INSTRUCTIONS TO FOLLOW: For each line of the data below, copy it if it holds the word "code".

[RECORDS FOR THE EXERCISE Boundary: Start]

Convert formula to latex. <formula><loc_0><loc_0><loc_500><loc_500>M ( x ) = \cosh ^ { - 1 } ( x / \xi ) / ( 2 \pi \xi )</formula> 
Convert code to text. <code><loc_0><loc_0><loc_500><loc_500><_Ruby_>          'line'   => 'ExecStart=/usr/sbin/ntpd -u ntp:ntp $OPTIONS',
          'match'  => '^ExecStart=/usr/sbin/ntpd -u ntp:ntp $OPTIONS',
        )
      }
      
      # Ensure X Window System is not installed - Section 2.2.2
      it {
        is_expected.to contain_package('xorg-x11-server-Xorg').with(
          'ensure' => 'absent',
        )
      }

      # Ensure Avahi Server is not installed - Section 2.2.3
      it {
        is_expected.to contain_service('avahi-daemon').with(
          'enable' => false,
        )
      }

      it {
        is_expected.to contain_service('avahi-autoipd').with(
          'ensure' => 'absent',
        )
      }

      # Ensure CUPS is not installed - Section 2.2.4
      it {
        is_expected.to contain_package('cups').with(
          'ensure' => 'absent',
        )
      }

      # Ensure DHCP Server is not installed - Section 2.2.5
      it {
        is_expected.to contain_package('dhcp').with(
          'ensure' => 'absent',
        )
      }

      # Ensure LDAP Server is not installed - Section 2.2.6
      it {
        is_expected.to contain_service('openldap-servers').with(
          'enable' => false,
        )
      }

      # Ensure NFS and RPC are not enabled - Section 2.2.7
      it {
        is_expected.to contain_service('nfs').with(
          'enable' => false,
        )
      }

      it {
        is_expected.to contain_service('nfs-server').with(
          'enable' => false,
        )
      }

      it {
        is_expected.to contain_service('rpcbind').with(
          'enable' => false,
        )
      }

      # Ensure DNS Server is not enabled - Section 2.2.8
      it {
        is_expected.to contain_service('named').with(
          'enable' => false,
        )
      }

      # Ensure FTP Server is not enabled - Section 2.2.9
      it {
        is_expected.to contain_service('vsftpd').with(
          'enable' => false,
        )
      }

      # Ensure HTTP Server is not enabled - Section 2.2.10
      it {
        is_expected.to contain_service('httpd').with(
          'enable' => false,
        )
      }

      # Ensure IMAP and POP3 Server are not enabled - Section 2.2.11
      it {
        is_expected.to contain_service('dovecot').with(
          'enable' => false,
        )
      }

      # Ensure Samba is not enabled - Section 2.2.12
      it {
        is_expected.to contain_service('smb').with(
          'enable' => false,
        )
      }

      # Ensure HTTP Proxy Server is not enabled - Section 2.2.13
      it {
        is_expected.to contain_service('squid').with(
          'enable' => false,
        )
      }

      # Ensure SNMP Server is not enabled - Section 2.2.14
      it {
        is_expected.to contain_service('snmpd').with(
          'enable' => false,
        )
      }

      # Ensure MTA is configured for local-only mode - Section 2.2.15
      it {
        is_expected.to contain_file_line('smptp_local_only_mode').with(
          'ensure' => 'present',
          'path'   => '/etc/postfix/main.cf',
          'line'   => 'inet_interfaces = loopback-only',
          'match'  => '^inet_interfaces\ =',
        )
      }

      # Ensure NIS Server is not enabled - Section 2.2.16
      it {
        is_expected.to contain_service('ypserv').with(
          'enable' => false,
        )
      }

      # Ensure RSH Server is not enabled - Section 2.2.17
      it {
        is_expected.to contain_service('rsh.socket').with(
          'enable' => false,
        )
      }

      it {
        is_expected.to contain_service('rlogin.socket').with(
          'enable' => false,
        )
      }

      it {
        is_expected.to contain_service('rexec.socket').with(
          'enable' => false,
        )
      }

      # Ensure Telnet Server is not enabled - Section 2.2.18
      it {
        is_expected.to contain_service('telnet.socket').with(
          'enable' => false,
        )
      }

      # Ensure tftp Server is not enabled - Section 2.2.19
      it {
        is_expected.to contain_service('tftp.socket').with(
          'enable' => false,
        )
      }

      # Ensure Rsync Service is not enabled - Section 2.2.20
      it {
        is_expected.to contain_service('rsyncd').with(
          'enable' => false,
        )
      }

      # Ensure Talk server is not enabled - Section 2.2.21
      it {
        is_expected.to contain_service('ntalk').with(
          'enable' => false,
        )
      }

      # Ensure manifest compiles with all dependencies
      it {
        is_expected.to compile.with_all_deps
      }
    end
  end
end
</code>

[RECORDS FOR THE EXERCISE Boundary: End]
[RECORDS FOR THE EXERCISE Boundary: Start]

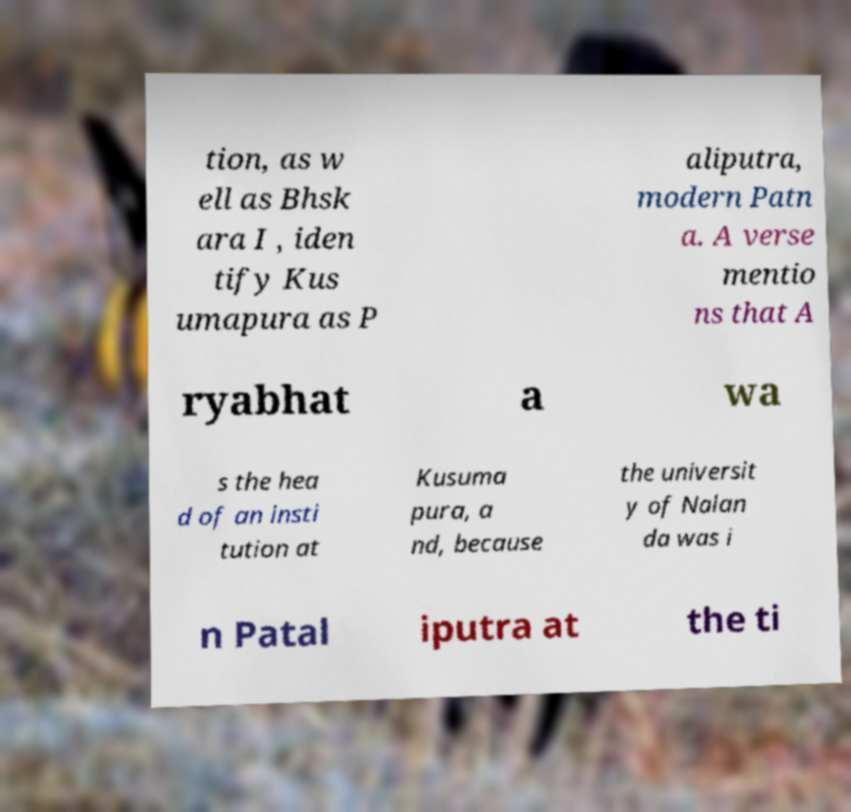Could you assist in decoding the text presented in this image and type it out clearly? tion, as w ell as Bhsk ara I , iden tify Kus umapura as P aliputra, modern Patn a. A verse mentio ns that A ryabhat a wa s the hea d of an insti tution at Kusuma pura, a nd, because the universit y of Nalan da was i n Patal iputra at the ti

[RECORDS FOR THE EXERCISE Boundary: End]

COMPLETED EXERCISE:
Convert code to text. <code><loc_0><loc_0><loc_500><loc_500><_Ruby_>          'line'   => 'ExecStart=/usr/sbin/ntpd -u ntp:ntp $OPTIONS',
</code>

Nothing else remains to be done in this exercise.